March 25, 2020
Curiosity Fueled the Art: Part I
Mark Grisez goes by many titles: Former NWS Trumpet Fellow (2016-19), Principal Trumpet of the Columbus Symphony, SDCC Trumpet Guy and The Curious Musician – a platform he created while at NWS. In this blog series, he shares how his curiosity has allowed him to connect with his music, his mentors and his audiences.
Read the entire Curiosity Fueled the Art Series: Part II
It’s no secret to my friends, colleagues and mentors that I like to think, ask questions and learn about weird or obscure things—occasionally to a fault. When I arrived in Miami Beach in the fall of 2016, my mind was overflowing with anxious questions: What kind of musician do I want to be? What purpose will my music and the music I make with others serve in the greater picture—society, communities, even history? Do I even want to play in an orchestra for the rest of my career? I had just played two seasons with the San Francisco Symphony as Acting Associate Principal Trumpet, the first of which coincided with the final year of my undergraduate studies at the San Francisco Conservatory of Music. I was mentally and emotionally overwhelmed. But now, I had this opportunity at the New World Symphony, a place people described to me as a sandbox, a laboratory, an incubator for curious and ambitious musicians to pursue their ideas and make beautiful and exciting new things. My propensity for asking too many questions, a quality of which I occasionally felt ashamed (“Don’t worry about all that, just play the music!”), all of a sudden seemed like it could be a powerful tool in this new environment, one that I could share with my new colleagues and eventually use to connect more deeply with audiences.
At NWS, I found many inquisitive, creative and thoughtful souls with whom to bond, both among the Fellows and the staff. Conversations lit up. I enjoyed telling someone about a weird practice technique I was trying out, sharing a new book I'd discovered and the ideas it gave me, and hearing what kinds of books and resources got other people excited. The more I spoke with others, the more I noticed a continuity: many other trained classical musicians were just as anxious as I was about finding their voice, taking risks, getting stuck in a rut, losing their passion or love of music to boredom or routine, or simply burning out. At the same time, we were having these wild individual exchanges about acting techniques, communication skills, artistic expression, practice ideas, musical composition, improvisation and much more. We were doing experiments with one another, trying out an idea in one performance and totally changing the formula for the next, and growing as artists and people, even if it wasn't immediately in the prescribed direction of “winning an audition.” Were the things I was afraid of—getting stuck, going stale, losing my voice or losing my courage—actually as inhibiting as I thought?
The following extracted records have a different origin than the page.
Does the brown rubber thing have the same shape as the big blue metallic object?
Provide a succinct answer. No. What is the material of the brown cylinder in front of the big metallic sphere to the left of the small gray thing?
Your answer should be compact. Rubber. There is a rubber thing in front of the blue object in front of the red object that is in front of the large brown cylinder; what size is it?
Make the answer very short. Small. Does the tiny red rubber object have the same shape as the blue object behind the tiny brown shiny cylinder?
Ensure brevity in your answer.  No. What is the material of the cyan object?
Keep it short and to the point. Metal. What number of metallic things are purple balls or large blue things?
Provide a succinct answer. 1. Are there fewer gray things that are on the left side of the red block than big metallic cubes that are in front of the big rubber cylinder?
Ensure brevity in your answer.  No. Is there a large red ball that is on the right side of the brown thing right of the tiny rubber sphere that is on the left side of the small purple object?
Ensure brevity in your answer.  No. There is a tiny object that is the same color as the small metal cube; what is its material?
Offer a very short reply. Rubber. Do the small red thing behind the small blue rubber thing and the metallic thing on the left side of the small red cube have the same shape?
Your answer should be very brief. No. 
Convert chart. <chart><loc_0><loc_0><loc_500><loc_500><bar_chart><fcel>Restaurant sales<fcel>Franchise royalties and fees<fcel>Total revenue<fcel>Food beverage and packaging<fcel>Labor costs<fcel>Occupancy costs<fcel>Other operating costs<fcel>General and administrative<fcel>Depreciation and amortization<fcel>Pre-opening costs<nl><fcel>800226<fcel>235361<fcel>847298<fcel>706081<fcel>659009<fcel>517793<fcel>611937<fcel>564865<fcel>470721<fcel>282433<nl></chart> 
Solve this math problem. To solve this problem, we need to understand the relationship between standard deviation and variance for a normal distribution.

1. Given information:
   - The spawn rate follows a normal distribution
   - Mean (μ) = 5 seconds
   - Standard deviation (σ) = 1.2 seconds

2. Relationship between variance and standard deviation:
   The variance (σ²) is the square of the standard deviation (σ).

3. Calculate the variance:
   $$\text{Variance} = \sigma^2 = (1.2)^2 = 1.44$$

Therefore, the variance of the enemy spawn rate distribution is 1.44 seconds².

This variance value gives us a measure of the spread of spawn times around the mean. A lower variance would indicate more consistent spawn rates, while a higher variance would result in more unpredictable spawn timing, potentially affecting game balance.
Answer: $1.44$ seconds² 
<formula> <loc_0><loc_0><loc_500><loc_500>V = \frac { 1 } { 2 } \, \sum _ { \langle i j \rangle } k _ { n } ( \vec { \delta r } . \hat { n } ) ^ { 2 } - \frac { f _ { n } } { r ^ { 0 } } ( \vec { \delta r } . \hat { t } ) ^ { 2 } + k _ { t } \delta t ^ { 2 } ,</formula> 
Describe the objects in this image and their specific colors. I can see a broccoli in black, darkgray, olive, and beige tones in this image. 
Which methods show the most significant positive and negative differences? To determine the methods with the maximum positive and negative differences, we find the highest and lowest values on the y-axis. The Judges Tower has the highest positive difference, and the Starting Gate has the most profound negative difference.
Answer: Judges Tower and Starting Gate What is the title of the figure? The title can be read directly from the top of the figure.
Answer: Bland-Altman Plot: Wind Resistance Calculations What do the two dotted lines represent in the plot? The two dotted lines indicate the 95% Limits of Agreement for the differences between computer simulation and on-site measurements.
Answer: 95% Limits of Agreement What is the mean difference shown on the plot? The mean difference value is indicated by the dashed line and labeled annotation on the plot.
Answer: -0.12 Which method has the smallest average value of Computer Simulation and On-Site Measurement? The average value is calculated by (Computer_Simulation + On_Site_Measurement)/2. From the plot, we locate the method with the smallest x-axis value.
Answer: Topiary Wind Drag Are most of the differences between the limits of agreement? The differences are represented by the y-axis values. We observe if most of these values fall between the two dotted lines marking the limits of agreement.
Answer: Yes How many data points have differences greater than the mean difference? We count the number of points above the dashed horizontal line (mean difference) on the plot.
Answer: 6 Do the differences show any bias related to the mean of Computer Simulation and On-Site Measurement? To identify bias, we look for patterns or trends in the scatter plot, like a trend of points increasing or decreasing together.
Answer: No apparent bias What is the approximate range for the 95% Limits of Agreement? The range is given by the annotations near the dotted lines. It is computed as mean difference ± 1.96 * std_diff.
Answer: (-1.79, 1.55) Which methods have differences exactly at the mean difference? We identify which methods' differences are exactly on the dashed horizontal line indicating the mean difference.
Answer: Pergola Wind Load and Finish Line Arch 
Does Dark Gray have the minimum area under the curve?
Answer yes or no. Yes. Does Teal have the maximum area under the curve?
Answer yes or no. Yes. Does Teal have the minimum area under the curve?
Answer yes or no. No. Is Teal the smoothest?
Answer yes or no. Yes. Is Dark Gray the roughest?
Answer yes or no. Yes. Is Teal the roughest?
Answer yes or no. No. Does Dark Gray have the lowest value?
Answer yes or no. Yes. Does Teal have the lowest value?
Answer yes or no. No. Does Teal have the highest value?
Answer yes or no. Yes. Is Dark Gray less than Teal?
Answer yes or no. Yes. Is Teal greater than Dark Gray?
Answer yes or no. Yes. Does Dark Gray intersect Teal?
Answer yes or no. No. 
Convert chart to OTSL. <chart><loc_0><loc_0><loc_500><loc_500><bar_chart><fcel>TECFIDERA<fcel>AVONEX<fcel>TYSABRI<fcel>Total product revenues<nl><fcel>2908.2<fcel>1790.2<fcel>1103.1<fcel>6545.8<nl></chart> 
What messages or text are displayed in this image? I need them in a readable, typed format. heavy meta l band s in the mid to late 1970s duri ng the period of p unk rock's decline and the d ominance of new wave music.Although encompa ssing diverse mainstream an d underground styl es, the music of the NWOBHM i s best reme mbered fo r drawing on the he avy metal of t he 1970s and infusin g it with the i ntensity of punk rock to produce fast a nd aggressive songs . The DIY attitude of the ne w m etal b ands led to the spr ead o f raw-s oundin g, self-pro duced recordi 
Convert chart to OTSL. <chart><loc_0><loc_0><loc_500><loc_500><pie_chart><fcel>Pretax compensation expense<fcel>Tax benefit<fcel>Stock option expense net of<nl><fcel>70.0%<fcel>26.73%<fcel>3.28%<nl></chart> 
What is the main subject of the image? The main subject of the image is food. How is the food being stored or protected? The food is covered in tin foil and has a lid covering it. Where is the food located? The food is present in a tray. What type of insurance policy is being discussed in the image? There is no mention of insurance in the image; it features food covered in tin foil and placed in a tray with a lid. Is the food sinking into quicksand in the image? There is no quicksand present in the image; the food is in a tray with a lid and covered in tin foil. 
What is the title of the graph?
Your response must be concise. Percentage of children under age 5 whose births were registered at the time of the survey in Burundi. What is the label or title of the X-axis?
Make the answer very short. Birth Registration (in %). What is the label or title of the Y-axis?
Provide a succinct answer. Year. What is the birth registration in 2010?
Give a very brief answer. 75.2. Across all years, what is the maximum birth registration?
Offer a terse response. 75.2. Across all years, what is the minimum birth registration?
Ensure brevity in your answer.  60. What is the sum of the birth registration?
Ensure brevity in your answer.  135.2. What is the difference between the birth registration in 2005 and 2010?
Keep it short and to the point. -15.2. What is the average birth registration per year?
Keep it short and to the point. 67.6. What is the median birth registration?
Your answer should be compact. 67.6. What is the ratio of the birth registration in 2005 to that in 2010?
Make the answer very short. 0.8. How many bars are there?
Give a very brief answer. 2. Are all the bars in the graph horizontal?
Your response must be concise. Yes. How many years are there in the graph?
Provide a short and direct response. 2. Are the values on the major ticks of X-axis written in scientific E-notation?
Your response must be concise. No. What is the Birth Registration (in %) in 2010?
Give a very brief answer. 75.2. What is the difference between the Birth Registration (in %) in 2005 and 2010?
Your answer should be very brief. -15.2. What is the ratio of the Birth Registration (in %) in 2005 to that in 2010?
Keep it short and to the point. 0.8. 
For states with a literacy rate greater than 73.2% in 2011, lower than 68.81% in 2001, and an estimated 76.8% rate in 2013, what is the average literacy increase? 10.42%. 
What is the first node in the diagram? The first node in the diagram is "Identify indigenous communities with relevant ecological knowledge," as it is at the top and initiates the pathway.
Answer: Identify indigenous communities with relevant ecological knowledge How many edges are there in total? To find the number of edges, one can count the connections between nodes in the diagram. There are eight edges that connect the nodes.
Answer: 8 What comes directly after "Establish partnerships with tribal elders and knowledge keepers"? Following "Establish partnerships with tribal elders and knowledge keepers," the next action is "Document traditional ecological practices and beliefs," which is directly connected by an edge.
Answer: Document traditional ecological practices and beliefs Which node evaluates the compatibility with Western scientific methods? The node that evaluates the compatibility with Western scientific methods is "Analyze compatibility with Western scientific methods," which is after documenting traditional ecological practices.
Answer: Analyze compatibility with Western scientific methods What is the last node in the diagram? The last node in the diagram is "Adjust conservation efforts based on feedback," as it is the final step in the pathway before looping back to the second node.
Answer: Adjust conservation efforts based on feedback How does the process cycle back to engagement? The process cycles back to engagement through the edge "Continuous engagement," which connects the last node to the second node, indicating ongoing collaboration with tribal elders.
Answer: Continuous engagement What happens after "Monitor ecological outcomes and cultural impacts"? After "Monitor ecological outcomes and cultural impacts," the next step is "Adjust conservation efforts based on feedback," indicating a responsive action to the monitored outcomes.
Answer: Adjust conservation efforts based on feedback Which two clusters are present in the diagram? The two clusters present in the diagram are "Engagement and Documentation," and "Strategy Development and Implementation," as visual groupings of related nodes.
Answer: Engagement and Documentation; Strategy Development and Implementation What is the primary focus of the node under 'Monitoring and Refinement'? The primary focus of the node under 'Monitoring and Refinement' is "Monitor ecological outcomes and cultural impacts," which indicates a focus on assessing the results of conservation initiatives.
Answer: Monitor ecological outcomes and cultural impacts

Around that time, musicians like Adam Neely, Bob Reynolds, Miles Okazaki, Rick Beato and others were big inspirations to me. In addition to being active performers, each was making videos on YouTube to educate people about music, share cool ideas new and old, and incite conversations, using their communities as vehicles to bring fresh perspectives to the world of music. I too wanted to start conversations. I wanted to demonstrate that with investigation and good humor, it is possible to turn the most paralyzing musical obstacle into an opportunity.
I started work on The Curious Musician with the insight and support of NWS staff during my second year as a Fellow. The formula went like this: I'd put up a video demonstrating a few ways that I, for example, practice in opposites. Then I'd put out the call for viewers to submit videos of themselves demonstrating their own “opposites” practice, which I would highlight in a community response episode. My goal was to turn the practice room into a laboratory, a place where uncertainty is not a vice but a victory. What would it be like for “what if” to be the most exciting thing that one could say or think in the practice room? What if the name of the game isn’t “perfect this piece/this excerpt/this audition” but instead, “What can I learn if I play this music backwards, inverted, in the wrong key or at the wrong volume?”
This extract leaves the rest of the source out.